- _Source information_
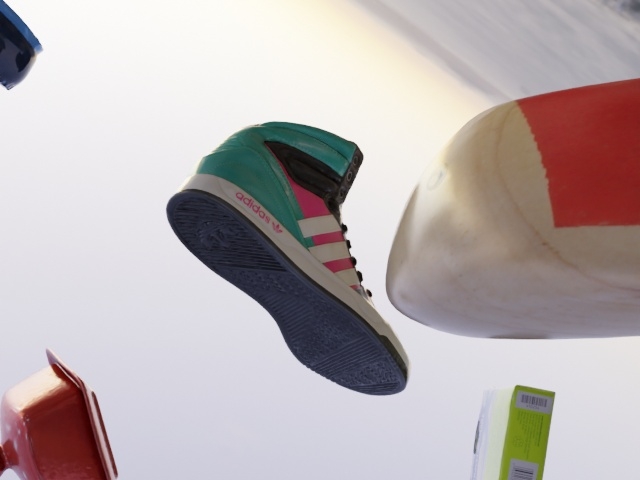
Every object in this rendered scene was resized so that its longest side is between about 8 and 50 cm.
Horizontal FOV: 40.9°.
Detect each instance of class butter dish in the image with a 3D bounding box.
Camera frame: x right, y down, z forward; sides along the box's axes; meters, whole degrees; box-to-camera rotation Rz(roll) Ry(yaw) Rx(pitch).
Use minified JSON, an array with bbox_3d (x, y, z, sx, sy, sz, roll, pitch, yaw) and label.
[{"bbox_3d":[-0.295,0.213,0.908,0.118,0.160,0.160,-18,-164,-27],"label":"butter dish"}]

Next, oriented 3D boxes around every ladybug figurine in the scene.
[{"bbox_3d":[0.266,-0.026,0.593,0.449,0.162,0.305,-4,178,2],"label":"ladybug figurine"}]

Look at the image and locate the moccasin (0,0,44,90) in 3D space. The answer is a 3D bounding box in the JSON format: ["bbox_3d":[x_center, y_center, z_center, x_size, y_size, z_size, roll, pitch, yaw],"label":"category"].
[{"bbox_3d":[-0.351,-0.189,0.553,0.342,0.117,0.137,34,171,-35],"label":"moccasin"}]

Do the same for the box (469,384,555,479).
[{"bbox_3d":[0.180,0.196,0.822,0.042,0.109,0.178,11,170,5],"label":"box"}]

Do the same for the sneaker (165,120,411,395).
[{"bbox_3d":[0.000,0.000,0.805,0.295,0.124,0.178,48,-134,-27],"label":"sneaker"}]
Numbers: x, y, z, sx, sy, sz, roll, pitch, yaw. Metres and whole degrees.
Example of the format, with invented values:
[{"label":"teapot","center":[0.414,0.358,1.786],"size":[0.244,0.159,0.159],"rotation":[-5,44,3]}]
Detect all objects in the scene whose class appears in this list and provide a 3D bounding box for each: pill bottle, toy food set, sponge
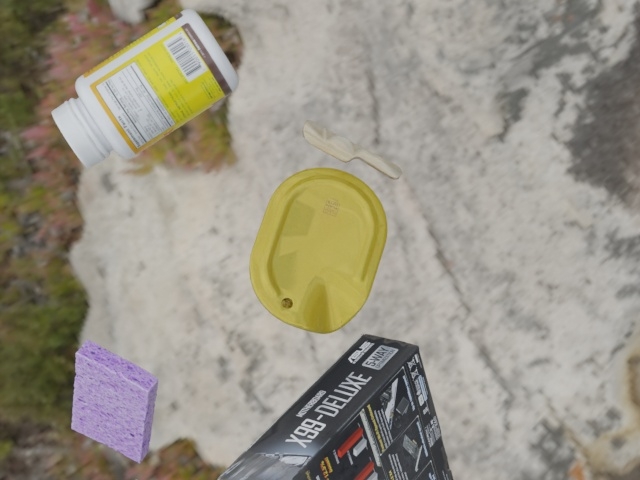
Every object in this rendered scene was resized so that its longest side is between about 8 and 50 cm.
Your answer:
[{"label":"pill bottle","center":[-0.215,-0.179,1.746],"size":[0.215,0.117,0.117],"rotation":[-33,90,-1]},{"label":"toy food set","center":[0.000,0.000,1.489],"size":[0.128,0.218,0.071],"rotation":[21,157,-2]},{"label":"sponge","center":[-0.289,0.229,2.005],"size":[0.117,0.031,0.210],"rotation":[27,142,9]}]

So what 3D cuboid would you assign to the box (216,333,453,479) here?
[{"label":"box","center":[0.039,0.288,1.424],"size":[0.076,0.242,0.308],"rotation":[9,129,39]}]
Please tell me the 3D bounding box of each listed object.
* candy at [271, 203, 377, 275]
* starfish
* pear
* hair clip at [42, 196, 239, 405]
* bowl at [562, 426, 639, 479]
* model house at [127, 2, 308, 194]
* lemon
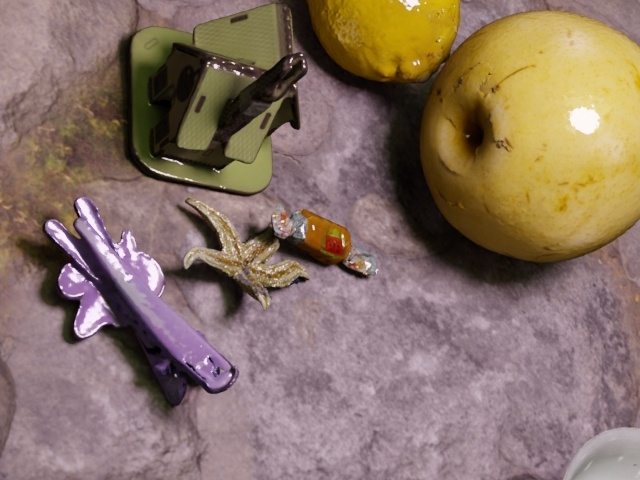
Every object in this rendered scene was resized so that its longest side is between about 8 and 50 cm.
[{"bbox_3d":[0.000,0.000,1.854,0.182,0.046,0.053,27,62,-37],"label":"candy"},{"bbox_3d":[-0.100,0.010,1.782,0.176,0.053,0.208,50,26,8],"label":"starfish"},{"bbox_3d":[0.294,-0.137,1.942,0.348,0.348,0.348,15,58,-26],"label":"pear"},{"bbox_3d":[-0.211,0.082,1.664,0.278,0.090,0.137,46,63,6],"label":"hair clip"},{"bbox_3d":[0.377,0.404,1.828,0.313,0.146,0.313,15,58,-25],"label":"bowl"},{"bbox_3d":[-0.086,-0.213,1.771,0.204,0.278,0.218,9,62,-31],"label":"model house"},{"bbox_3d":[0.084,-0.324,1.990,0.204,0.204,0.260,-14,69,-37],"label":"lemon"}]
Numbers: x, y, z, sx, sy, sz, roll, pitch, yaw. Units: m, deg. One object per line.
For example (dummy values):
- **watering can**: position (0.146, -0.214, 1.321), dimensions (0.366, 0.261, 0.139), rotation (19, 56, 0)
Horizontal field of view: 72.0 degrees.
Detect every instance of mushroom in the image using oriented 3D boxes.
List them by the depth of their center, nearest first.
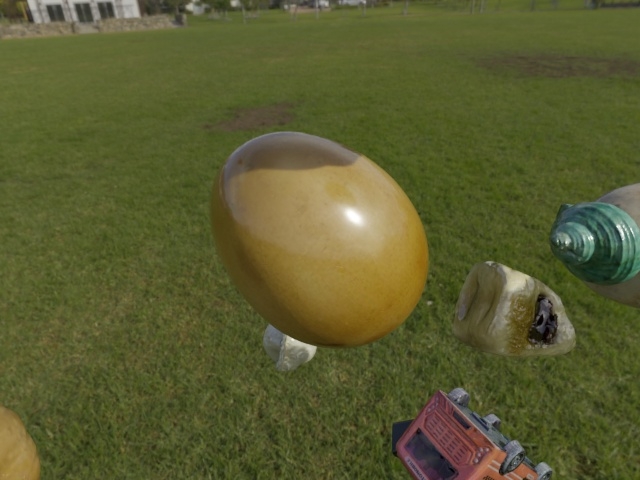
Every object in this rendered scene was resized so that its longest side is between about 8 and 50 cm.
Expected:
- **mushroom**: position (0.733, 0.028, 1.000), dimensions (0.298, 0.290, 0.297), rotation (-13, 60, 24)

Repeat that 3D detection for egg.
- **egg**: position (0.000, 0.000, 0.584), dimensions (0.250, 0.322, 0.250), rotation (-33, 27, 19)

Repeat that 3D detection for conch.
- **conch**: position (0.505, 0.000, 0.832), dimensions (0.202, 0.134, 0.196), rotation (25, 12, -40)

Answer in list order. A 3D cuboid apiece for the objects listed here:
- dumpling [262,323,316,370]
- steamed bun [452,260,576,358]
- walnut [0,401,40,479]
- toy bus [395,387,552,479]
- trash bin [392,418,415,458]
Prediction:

- _Work instruction_
Transcribe each line of the data above, unaltered, from the one where "Numbers: x, y, z, sx, sy, sz, roll, pitch, yaw. Metres" appears to the one where "Detect all objects" appears, inclusive of both.

- _Answer to the exercise_
Numbers: x, y, z, sx, sy, sz, roll, pitch, yaw. Metres and whole degrees.
Example of the format, with invented values:
[{"label":"teapot","center":[0.414,0.358,1.786],"size":[0.244,0.159,0.159],"rotation":[-5,44,3]}]
Detect all objects in the scene whose class appears in this list and provide a 3D bounding box for each: pill bottle, toy food set, sponge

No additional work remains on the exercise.